= Early-bird effect =

Ecological effect

The early-bird effect is the advantage a species gains from rapidly using nutrients to establish a large initial population. This initial population advantage can allow a population to persist when nutrients become scarce, even if competitor species are more efficient at extracting scarce nutrients. The effect can be seen when resources vary seasonally, and in laboratory conditions when serial dilutions are taken of microbe cultures.

== Description ==
The early-bird effect arises in ecosystems where there is a time gap between nutrient addition and species removal. During this gap, species can grow and interact in complex ways. Fast-growing species that deplete their preferred resource early can, despite being less efficient per capita than their competitors, still dominate due to their increased numbers. This dynamic suggests extra benefits to growing fast and early, even at the cost of a penalty later. The early-bird effect may be particularly relevant for understanding changes in gut microbiota.

== Key characteristics ==
- Repeated Nutrient Addition and Removal: The effect is prominent in ecosystems with cycles of nutrient addition and species removal.
- Time Gap Dynamics: The critical period between nutrient addition and species removal allows for significant growth and interaction among species.
- Growth and Competitive Advantage: Fast-growing species that consume their preferred resource quickly gain a population advantage. This advantage persists even if these species become less efficient per capita compared to their competitors.
- Dynamic Nature of the Effect: Unlike a founder effect, which is dependent on initial conditions, the Early-Bird Effect is dynamic and continually influenced by the ongoing conditions in the ecosystem.

== Research findings ==
Studies such as those by Erez et al. (2020), Lopez et al. (2023), and others have explored various aspects of this effect, including its impact on community diversity, species dominance, and the dynamics of microbial communities in response to environmental changes.

== Implications ==
The early-bird effect has significant implications for understanding ecosystem dynamics, species diversity, and survival strategies in various environments.
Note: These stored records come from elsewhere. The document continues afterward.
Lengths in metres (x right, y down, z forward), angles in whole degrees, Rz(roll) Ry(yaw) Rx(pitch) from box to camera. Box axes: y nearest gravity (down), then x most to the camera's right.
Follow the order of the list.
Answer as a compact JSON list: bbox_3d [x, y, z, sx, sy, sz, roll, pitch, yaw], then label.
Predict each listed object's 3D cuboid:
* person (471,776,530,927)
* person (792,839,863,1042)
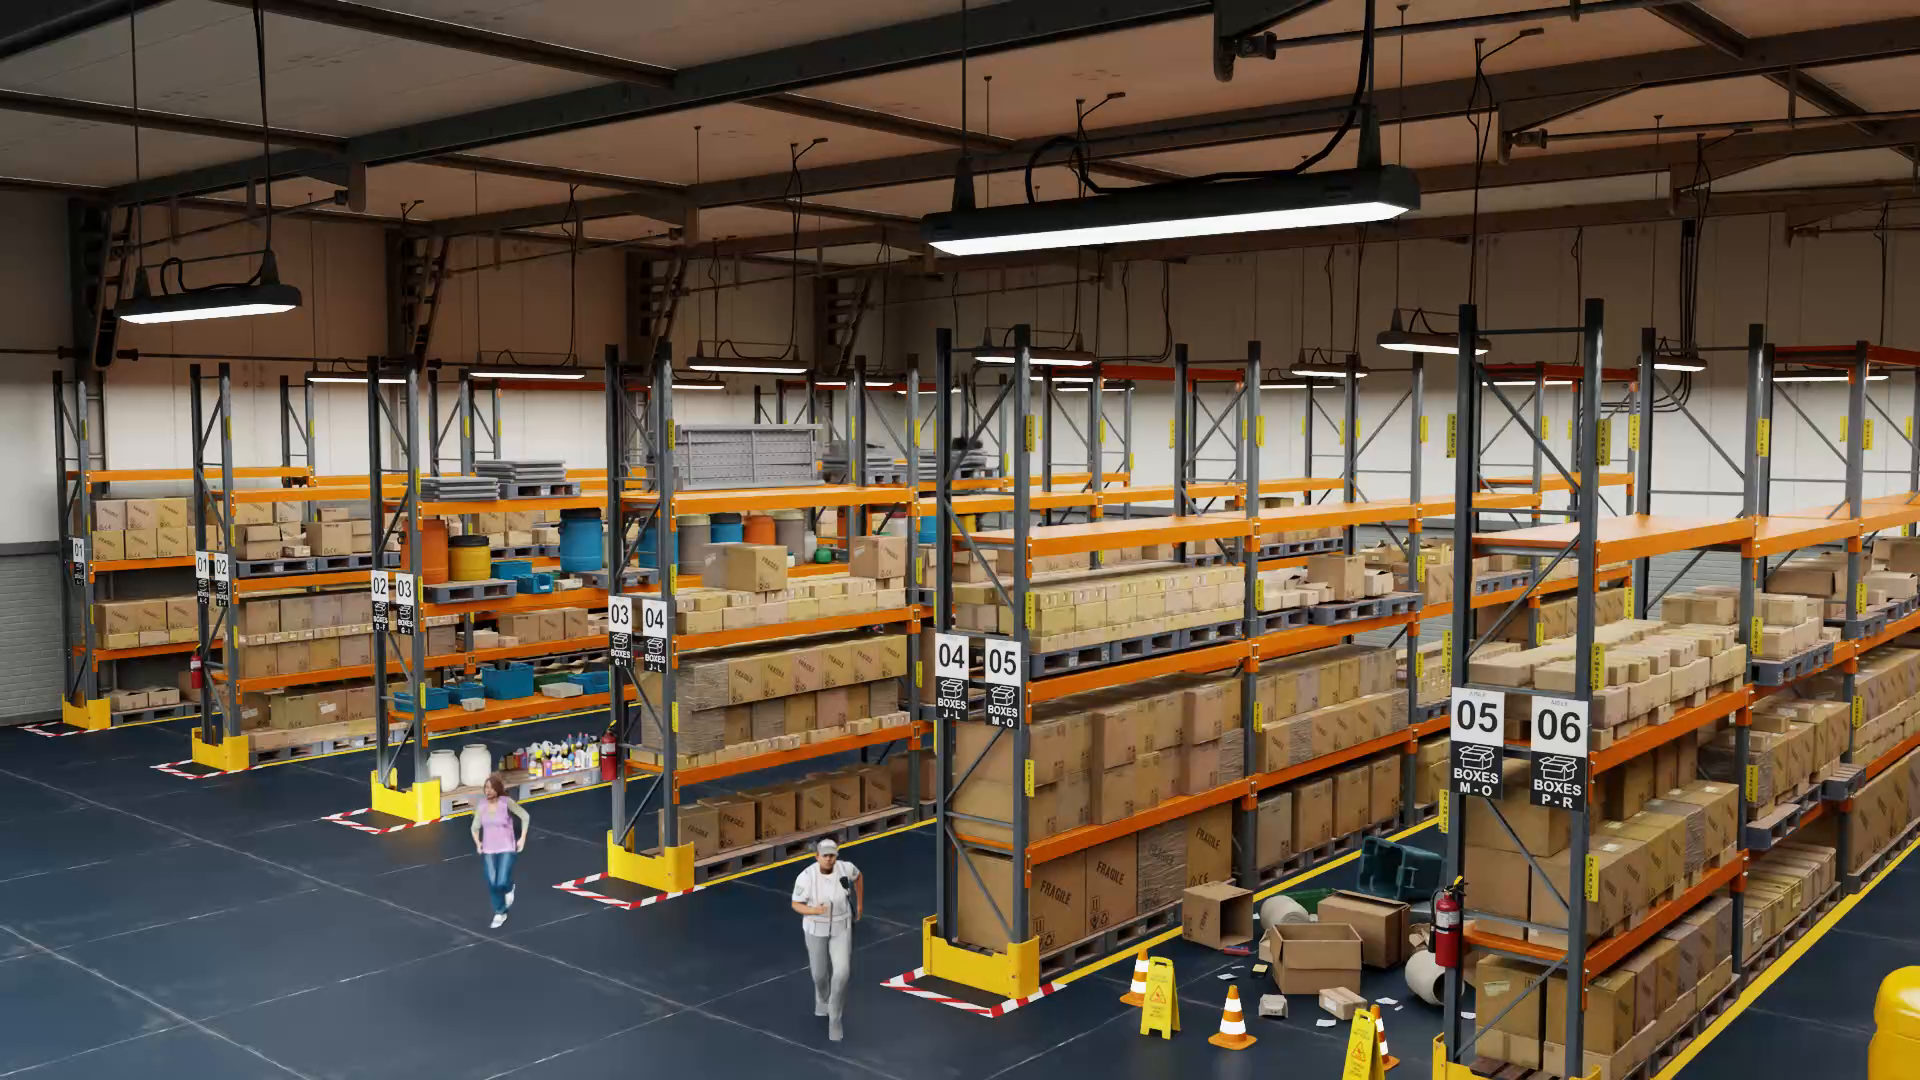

It highlights the importance of growth timing and resource utilization efficiency in competitive ecosystems.

In the context of evolution, beneficial mutations that affect late growth could confer a smaller advantage than those that are beneficial earlier in the cycle due to an "early-bird" effect.

== Variations and extensions ==
- Single-Nutrient Early-Bird Effect: A variation observed in single-nutrient competition.
- Influence of Environmental Factors: Factors like nutrient amount and the balance between different nutrients play a crucial role in the manifestation of the Early-Bird Effect.